Mereka yang menempuh jalan spiritual harus memperhatikan perbedaan antara kelakuan orang kebanyakan dan peminat kehidupan rohani. Orang biasa tidak memiliki daya tahan atau ketabahan, tetapi ia sombong. Ia penuh dengan hawa nafsu atau keinginan yang berhubungan dengan dunia dan dalam hal itu ia berusaha memperoleh kepuasan hidup. Manusia spiritual adalah mereka yang selalu merenungkan kemuliaan Tuhan dengan tiada putusnya bagaikan gelombang samudra. Ia mengumpulkan harta keseimbangan batin dan kasih yang sama bagi semua makhluk. Ia puas dalam keyakinan bahwa segala sesuatu adalah milik Tuhan dan tidak ada apa pun juga yang merupakan miliknya. Tidak seperti orang kebanyakan, mereka yang menempuh kehidupan spiritual tidak mudah menyerah bila mengalami kesedihan, perubahan-perubahan yang tidak terduga, kemarahan, kebencian, atau egoisme, lapar atau haus. Engkau harus berusaha menguasai kelemahan-kelemahan tersebut sedapat mungkin dan menempuh perjalanan hidup dengan tabah, berani, riang, tenteram, dermawan, dan rendah hati. Ketahuilah bahwa pemeliharaan badan bukanlah hal yang sangat penting. Tanggunglah lapar dan haus dengan sabar. Selalulah tenggelam dalam perenungan yang tiada putusnya kepada Tuhan.

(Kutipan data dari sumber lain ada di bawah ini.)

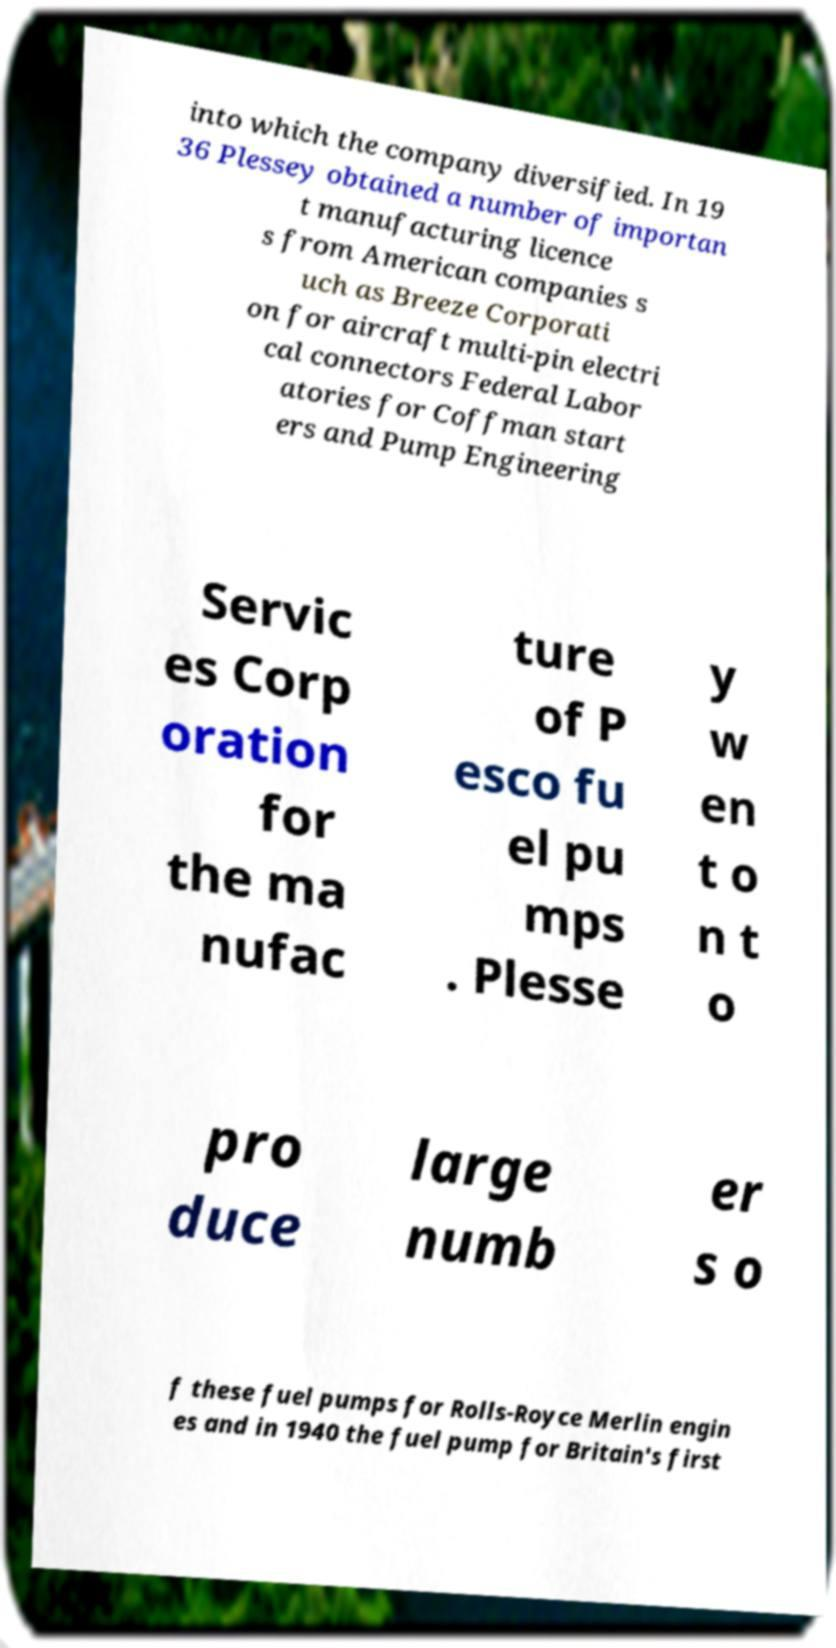For documentation purposes, I need the text within this image transcribed. Could you provide that? into which the company diversified. In 19 36 Plessey obtained a number of importan t manufacturing licence s from American companies s uch as Breeze Corporati on for aircraft multi-pin electri cal connectors Federal Labor atories for Coffman start ers and Pump Engineering Servic es Corp oration for the ma nufac ture of P esco fu el pu mps . Plesse y w en t o n t o pro duce large numb er s o f these fuel pumps for Rolls-Royce Merlin engin es and in 1940 the fuel pump for Britain's first

Sebaliknya, bertengkar mengenai hal-hal yang sepele, lekas kehilangan kesabaran, merasa sedih karena kekecewaan-kekecewaan kecil, menjadi marah karena terhina sedikit saja, cemas karena lapar, haus, dan kurang tidur, hal-hal tersebut bukan sifat khas seorang sādhaka. Beras tidaklah sama dengan nasi. Beras yang keras menjadi lunak setelah dimasak. Sejumlah orang seperti beras yang telah matang, bersifat lembut, manis menyenangkan, dan tidak berbahaya. Lainnya yang mentah, keras, angkuh, dan penuh kekaburan batin. Sudah jelas kedua jenis ini adalah manusia yang berjiwa. Mereka yang tenggelam dalam khayal lahiriah dan kebodohan sifat-sifat duniawi adalah ‘orang biasa’; sedangkan mereka yang tenggelam dalam khayal batin atau hasrat untuk memperoleh pengetahuan yang sejati adalah sādhaka. Tuhan tidak tenggelam dalam kedua hal itu. Tuhan tidak memiliki khayal apa pun juga. Orang yang tidak terpengaruh oleh khayal lahiriah adalah sādhaka; bila khayal batin pun sudah tidak dimilikinya lagi, ia dapat disebut sebagai Tuhan, karena hatinya menjadi tempat Tuhan bersemayam. Karena itu, engkau dapat menyimpulkan bahwa segala sesuatu diliputi oleh Tuhan. Walaupun Tuhan berada dalam setiap hati, latihan spiritual tetap penting agar engkau dapat menghayati sendiri kebenarannya bukan? Bukankah engkau tidak dapat melihat wajahmu sendiri? Engkau harus mempunyai cermin untuk memperlihatkan bayangan wajahmu. Demikian pula engkau harus mempunyai suatu jalan utama, suatu metode sādhanā untuk membebaskan dirimu dari segala sifat.